What the task asks:
Only lines that contain the word "degrees" belong in the answer; copy them from the records below.

[[ Provided records, beginning ]]

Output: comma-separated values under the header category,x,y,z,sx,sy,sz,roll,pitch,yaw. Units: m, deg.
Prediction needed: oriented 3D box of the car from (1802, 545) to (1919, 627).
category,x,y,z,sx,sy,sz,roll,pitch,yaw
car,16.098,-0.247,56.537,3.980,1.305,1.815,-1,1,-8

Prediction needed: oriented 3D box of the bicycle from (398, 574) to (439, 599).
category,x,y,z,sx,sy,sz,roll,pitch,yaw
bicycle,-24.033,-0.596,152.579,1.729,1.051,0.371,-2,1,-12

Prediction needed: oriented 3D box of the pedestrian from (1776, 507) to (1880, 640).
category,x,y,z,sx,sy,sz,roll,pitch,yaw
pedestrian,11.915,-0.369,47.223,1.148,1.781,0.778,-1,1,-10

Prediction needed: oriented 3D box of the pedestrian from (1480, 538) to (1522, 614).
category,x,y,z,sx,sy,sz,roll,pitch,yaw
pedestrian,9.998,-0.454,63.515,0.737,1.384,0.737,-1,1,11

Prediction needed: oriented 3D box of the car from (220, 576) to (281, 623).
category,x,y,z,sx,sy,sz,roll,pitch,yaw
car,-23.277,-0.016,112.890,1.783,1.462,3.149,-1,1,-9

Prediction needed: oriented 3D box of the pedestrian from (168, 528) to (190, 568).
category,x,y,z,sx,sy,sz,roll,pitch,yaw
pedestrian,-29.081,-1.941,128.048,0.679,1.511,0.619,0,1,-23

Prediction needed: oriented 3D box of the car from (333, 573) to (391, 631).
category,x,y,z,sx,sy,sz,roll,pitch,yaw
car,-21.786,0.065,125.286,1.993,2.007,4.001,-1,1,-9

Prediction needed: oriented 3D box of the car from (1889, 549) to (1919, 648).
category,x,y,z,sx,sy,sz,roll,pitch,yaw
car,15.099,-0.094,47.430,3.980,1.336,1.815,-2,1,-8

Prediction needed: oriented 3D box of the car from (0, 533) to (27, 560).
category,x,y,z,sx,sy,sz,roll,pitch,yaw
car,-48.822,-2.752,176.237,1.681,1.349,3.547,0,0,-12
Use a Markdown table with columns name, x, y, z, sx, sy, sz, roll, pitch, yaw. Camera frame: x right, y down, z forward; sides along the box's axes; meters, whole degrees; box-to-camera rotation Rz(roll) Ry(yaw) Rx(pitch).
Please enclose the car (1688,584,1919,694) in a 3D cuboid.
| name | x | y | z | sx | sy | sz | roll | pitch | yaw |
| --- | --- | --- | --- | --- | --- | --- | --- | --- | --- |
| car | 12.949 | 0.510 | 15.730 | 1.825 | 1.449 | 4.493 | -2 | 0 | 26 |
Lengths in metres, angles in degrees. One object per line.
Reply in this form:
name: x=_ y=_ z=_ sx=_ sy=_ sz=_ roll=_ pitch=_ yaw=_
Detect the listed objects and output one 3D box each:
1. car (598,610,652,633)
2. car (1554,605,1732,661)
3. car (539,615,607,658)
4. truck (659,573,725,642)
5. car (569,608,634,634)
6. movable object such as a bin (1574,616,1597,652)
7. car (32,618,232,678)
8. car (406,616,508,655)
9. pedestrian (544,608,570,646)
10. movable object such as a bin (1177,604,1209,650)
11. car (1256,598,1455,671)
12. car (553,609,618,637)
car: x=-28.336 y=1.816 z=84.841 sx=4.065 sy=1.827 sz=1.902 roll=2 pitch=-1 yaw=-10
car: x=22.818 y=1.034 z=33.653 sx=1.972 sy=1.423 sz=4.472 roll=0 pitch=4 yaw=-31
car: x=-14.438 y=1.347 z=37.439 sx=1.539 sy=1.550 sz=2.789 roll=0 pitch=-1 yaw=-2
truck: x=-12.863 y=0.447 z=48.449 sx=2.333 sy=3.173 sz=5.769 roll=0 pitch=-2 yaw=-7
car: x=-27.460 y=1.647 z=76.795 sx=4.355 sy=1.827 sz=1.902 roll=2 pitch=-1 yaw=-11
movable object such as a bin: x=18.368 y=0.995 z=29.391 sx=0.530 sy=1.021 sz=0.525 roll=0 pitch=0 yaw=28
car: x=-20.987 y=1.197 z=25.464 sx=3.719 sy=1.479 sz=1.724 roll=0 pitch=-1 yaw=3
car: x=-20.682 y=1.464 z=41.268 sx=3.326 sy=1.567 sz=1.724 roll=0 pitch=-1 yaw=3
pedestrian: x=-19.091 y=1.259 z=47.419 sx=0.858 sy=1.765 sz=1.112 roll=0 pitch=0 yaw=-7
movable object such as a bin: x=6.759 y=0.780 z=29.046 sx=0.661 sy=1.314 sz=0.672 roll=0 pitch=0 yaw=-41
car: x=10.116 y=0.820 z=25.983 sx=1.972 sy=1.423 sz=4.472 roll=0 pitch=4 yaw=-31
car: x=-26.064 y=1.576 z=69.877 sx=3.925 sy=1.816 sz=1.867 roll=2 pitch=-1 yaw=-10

[[ Provided records, end ]]

Your solution:
Use a Markdown table with columns name, x, y, z, sx, sy, sz, roll, pitch, yaw. Camera frame: x right, y down, z forward; sides along the box's axes; meters, whole degrees; box-to-camera rotation Rz(roll) Ry(yaw) Rx(pitch).
Lengths in metres, angles in degrees. One object per line.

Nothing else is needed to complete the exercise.